En definitiva, el método científico debería ser un camino hacia el conocimiento, no una herramienta de control o de imposición ideológica. La ciudadanía tiene derecho a exigir más transparencia, un debate abierto y menos etiquetas descalificadoras como “negacionista” cada vez que se plantea una duda razonable. Porque preguntar no es negar, y la ciencia verdadera, la que ha impulsado los mayores avances de la humanidad, siempre ha tenido espacio para el disenso. Paradójicamente, el propio método científico, tan ensalzado por la comunidad académica, es también una construcción social moldeada por los valores, prejuicios y contextos históricos de cada época. Si en siglos pasados fue la Iglesia la que marcaba los límites del pensamiento aceptable, hoy es la “ciencia oficial” la que dicta qué puede o no puede investigarse, discutirse o publicarse. Más que estigmatizar posiciones alternativas como negacionistas o pseudocientíficas, quizá deberíamos cuestionarnos si la ciencia actual está verdaderamente abierta al debate o si hemos construido un nuevo sistema de creencias incuestionables. La historia nos enseña que muchas veces la verdad ha estado en manos de quienes se atrevieron a desafiar el consenso.

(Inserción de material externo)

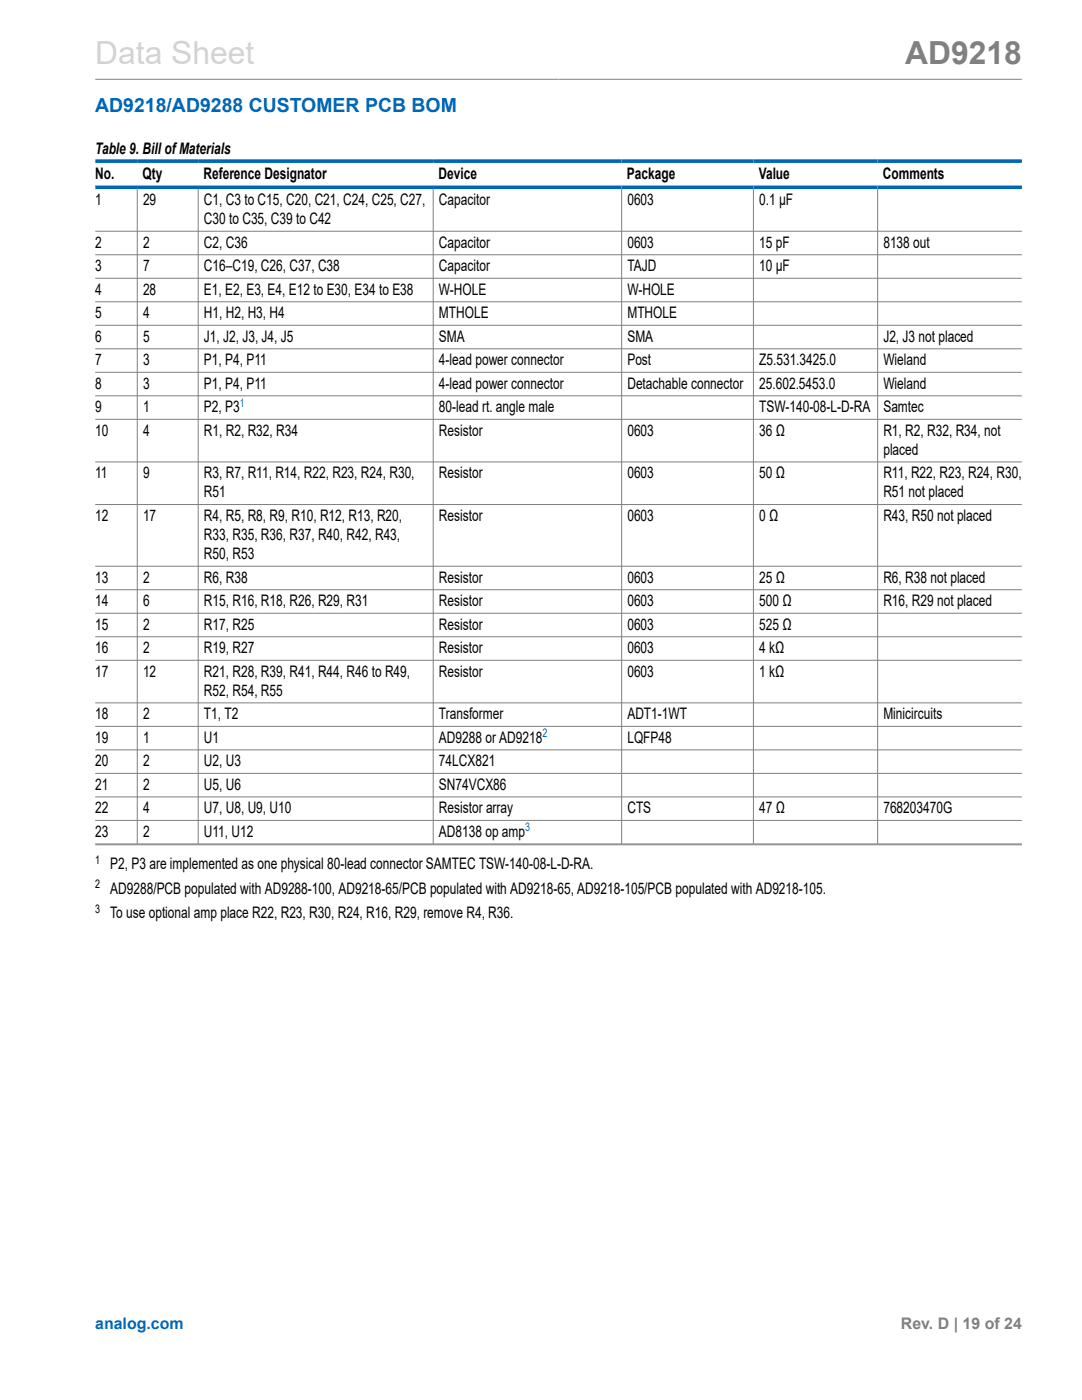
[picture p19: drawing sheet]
<svg xmlns="http://www.w3.org/2000/svg" width="216mm" height="279mm" viewBox="0 0 216 279" stroke-linecap="round" stroke-linejoin="round" font-family="sans-serif">
<defs><g id="words">
<text font-size="6.3" fill="#d3d3d3" x="19" y="12.7">Data Sheet</text>
<text font-size="6.3" fill="#808080" x="180.6" y="12.7">AD9218</text>
<text font-size="3.9" fill="#0067b8" x="19" y="22.3">AD9218/AD9288 CUSTOMER PCB BOM</text>
<g font-size="3.2">
<text x="19" y="30.8">Table 9. Bill of Materials</text>
<text x="19" y="35.7">No.</text>
<text x="28.4" y="35.7">Qty</text>
<text x="40.6" y="35.7">Reference Designator</text>
<text x="87.5" y="35.7">Device</text>
<text x="125.1" y="35.7">Package</text>
<text x="151.4" y="35.7">Value</text>
<text x="176.2" y="35.7">Comments</text>
<text x="19" y="40.9">1</text>
<text x="28.5" y="40.9">29</text>
<text x="40.7" y="40.9">C1, C3 to C15, C20, C21, C24, C25, C27,</text>
<text x="87.6" y="40.9">Capacitor</text>
<text x="125.2" y="40.9">0603</text>
<text x="151.5" y="40.9">0.1 µF</text>
<text x="40.7" y="44.7">C30 to C35, C39 to C42</text>
<text x="19" y="49.4">2</text>
<text x="28.5" y="49.4">2</text>
<text x="40.7" y="49.4">C2, C36</text>
<text x="87.6" y="49.4">Capacitor</text>
<text x="125.2" y="49.4">0603</text>
<text x="151.5" y="49.4">15 pF</text>
<text x="176.3" y="49.4">8138 out</text>
<text x="19" y="54.1">3</text>
<text x="19" y="58.8">4</text>
<text x="28.5" y="54.1">7</text>
<text x="28.5" y="58.8">28</text>
<text x="40.7" y="54.1">C16–C19, C26, C37, C38</text>
<text x="40.7" y="58.8">E1, E2, E3, E4, E12 to E30, E34 to E38</text>
<text x="87.6" y="54.1">Capacitor</text>
<text x="87.6" y="58.8">W-HOLE</text>
<text x="125.2" y="54.1">TAJD</text>
<text x="125.2" y="58.8">W-HOLE</text>
<text x="151.5" y="54.1">10 µF</text>
<text x="19" y="63.5">5</text>
<text x="28.5" y="63.5">4</text>
<text x="40.7" y="63.5">H1, H2, H3, H4</text>
<text x="87.6" y="63.5">MTHOLE</text>
<text x="125.2" y="63.5">MTHOLE</text>
<text x="19" y="68.2">6</text>
<text x="28.5" y="68.2">5</text>
<text x="40.7" y="68.2">J1, J2, J3, J4, J5</text>
<text x="87.6" y="68.2">SMA</text>
<text x="125.2" y="68.2">SMA</text>
<text x="176.3" y="68.2">J2, J3 not placed</text>
<text x="19" y="72.9">7</text>
<text x="19" y="77.6">8</text>
<text x="28.5" y="72.9">3</text>
<text x="28.5" y="77.6">3</text>
<text x="40.7" y="72.9">P1, P4, P11</text>
<text x="40.7" y="77.6">P1, P4, P11</text>
<text x="87.6" y="72.9">4-lead power connector</text>
<text x="87.6" y="77.6">4-lead power connector</text>
<text x="125.2" y="72.9">Post</text>
<text x="125.2" y="77.6">Detachable connector</text>
<text x="151.5" y="72.9">Z5.531.3425.0</text>
<text x="151.5" y="77.6">25.602.5453.0</text>
<text x="176.3" y="72.9">Wieland</text>
<text x="176.3" y="77.6">Wieland</text>
<text x="19" y="82.3">9</text>
<text x="28.5" y="82.3">1</text>
<text x="40.7" y="82.3">P2, P3</text>
<text x="87.6" y="82.3">80-lead rt. angle male</text>
<text x="151.5" y="82.3">TSW-140-08-L-D-RA</text>
<text x="176.3" y="82.3">Samtec</text>
<text x="19" y="86.9">10</text>
<text x="28.5" y="86.9">4</text>
<text x="40.7" y="86.9">R1, R2, R32, R34</text>
<text x="87.6" y="86.9">Resistor</text>
<text x="125.2" y="86.9">0603</text>
<text x="151.5" y="86.9">36 Ω</text>
<text x="176.3" y="86.9">R1, R2, R32, R34, not</text>
<text x="19" y="95.4">11</text>
<text x="28.5" y="95.4">9</text>
<text x="40.7" y="95.4">R3, R7, R11, R14, R22, R23, R24, R30,</text>
<text x="87.6" y="95.4">Resistor</text>
<text x="125.2" y="95.4">0603</text>
<text x="151.5" y="95.4">50 Ω</text>
<text x="176.3" y="90.8">placed</text>
<text x="176.3" y="95.4">R11, R22, R23, R24, R30,</text>
<text x="40.7" y="99.3">R51</text>
<text x="176.3" y="99.3">R51 not placed</text>
<text x="19" y="104">12</text>
<text x="28.5" y="104">17</text>
<text x="40.7" y="104">R4, R5, R8, R9, R10, R12, R13, R20,</text>
<text x="40.7" y="107.8">R33, R35, R36, R37, R40, R42, R43,</text>
<text x="87.6" y="104">Resistor</text>
<text x="125.2" y="104">0603</text>
<text x="151.5" y="104">0 Ω</text>
<text x="176.3" y="104">R43, R50 not placed</text>
<text x="40.7" y="111.6">R50, R53</text>
<text x="19" y="116.3">13</text>
<text x="28.5" y="116.3">2</text>
<text x="40.7" y="116.3">R6, R38</text>
<text x="87.6" y="116.3">Resistor</text>
<text x="125.2" y="116.3">0603</text>
<text x="151.5" y="116.3">25 Ω</text>
<text x="176.3" y="116.3">R6, R38 not placed</text>
<text x="19" y="121">14</text>
<text x="19" y="125.6">15</text>
<text x="28.5" y="121">6</text>
<text x="28.5" y="125.6">2</text>
<text x="40.7" y="121">R15, R16, R18, R26, R29, R31</text>
<text x="40.7" y="125.6">R17, R25</text>
<text x="87.6" y="121">Resistor</text>
<text x="87.6" y="125.6">Resistor</text>
<text x="125.2" y="121">0603</text>
<text x="125.2" y="125.6">0603</text>
<text x="151.5" y="121">500 Ω</text>
<text x="151.5" y="125.6">525 Ω</text>
<text x="176.3" y="121">R16, R29 not placed</text>
<text x="19" y="130.3">16</text>
<text x="28.5" y="130.3">2</text>
<text x="40.7" y="130.3">R19, R27</text>
<text x="87.6" y="130.3">Resistor</text>
<text x="125.2" y="130.3">0603</text>
<text x="151.5" y="130.3">4 kΩ</text>
<text x="19" y="135">17</text>
<text x="28.5" y="135">12</text>
<text x="40.7" y="135">R21, R28, R39, R41, R44, R46 to R49,</text>
<text x="87.6" y="135">Resistor</text>
<text x="125.2" y="135">0603</text>
<text x="151.5" y="135">1 kΩ</text>
<text x="19" y="143.5">18</text>
<text x="28.5" y="143.5">2</text>
<text x="40.7" y="138.8">R52, R54, R55</text>
<text x="40.7" y="143.5">T1, T2</text>
<text x="87.6" y="143.5">Transformer</text>
<text x="125.2" y="143.5">ADT1-1WT</text>
<text x="176.3" y="143.5">Minicircuits</text>
<text x="19" y="148.2">19</text>
<text x="28.5" y="148.2">1</text>
<text x="40.7" y="148.2">U1</text>
<text x="87.6" y="148.2">AD9288 or AD9218</text>
<text x="125.2" y="148.2">LQFP48</text>
<text x="19" y="152.9">20</text>
<text x="28.5" y="152.9">2</text>
<text x="40.7" y="152.9">U2, U3</text>
<text x="87.6" y="152.9">74LCX821</text>
<text x="19" y="157.6">21</text>
<text x="28.5" y="157.6">2</text>
<text x="40.7" y="157.6">U5, U6</text>
<text x="87.6" y="157.6">SN74VCX86</text>
<text x="19" y="162.3">22</text>
<text x="19" y="167">23</text>
<text x="28.5" y="162.3">4</text>
<text x="28.5" y="167">2</text>
<text x="40.7" y="162.3">U7, U8, U9, U10</text>
<text x="40.7" y="167">U11, U12</text>
<text x="87.6" y="162.3">Resistor array</text>
<text x="87.6" y="167">AD8138 op amp</text>
<text x="125.2" y="162.3">CTS</text>
<text x="151.5" y="162.3">47 Ω</text>
<text x="176.3" y="162.3">768203470G</text>
<text x="22" y="173.4">P2, P3 are implemented as one physical 80-lead connector SAMTEC TSW-140-08-L-D-RA.</text>
<text x="22" y="178.3">AD9288/PCB populated with AD9288-100, AD9218-65/PCB populated with AD9218-65, AD9218-105/PCB populated with AD9218-105.</text>
<text x="22" y="183.3">To use optional amp place R22, R23, R30, R24, R16, R29, remove R4, R36.</text>
</g>
<text font-size="3.2" fill="#0067b8" x="19" y="265.3">analog.com</text>
<text font-size="3.2" fill="#808080" x="179.8" y="265.3">Rev. D | 19 of 24</text>
<g font-size="2.4" fill="#0067b8">
<text x="47.8" y="81.2">1</text>
<text x="108.2" y="147.2">2</text>
<text x="104.8" y="165.9">3</text>
</g>
<g font-size="2.4">
<text x="19" y="172.3">1</text>
<text x="19" y="177.3">2</text>
<text x="19" y="182.2">3</text>
</g>
</g></defs>
<g fill="none" stroke="#808080" stroke-width=".2">
<path d="M19 15.8h184.9M27.4 37.7v130.8M39.5 37.7v130.8M86.4 37.7v130.8M124 37.7v130.8M150.3 37.7v130.8M175.1 37.7v130.8M19 46.2h184.9M19 50.8h184.9M19 55.5h184.9M19 60.2h184.9M19 64.9h184.9"/>
<path d="M19 69.6h184.9M19 74.3h184.9M19 79h184.9M19 83.7h184.9M19 92.2h184.9M19 100.7h184.9M19 113h184.9M19 117.7h184.9M19 122.4h184.9M19 127.1h184.9M19 131.8h184.9M19 140.3h184.9"/>
<path d="M19 145h184.9M19 149.7h184.9M19 154.3h184.9M19 159h184.9M19 163.7h184.9M19 168.4h184.9M19 168.6h184.9"/>
</g>
<path d="M19 32.2h184.9M19 37.4h184.9" fill="none" stroke="#0067b8" stroke-width=".71"/>
<use href="#words"/>
</svg>

Hasta aquí el artículo firmado por IA. A continuación, los autores de este texto responden punto por punto a sus planteamientos:
Confusión entre cuestionamiento científico legítimo y negacionismo
En un contexto saturado de información y desinformación, es imprescindible distinguir entre el escepticismo genuino y fundamentado, y un negacionismo disfrazado de pensamiento crítico. En nombre de la crítica y el cuestionamiento, el texto de IA, como tantos otros que circulan en medios y redes sociales, algunos aún mucho más bastos, rechaza consensos científicos establecidos sin ofrecer alternativas coherentes ni respaldadas en evidencia. En nombre del (supuesto) pensamiento libre, y con un lenguaje moderado y aparentemente razonable, promueve una desconfianza sistemática que no distingue entre preguntas legítimas y ataques infundados. Lo que a primera vista puede parecer un ejercicio de reflexión, revela tras una lectura cuidadosa, una serie de falacias lógicas, y tergiversaciones que, en más de una ocasión, vemos abrazadas por personas que políticamente se sitúan tanto a la derecha como a la izquierda. En esto no hay distinciones. Estas falacias y tergiversaciones creemos que deben ser corregidas, no por mera polémica, sino por responsabilidad intelectual y defensa del conocimiento. Vamos por partes.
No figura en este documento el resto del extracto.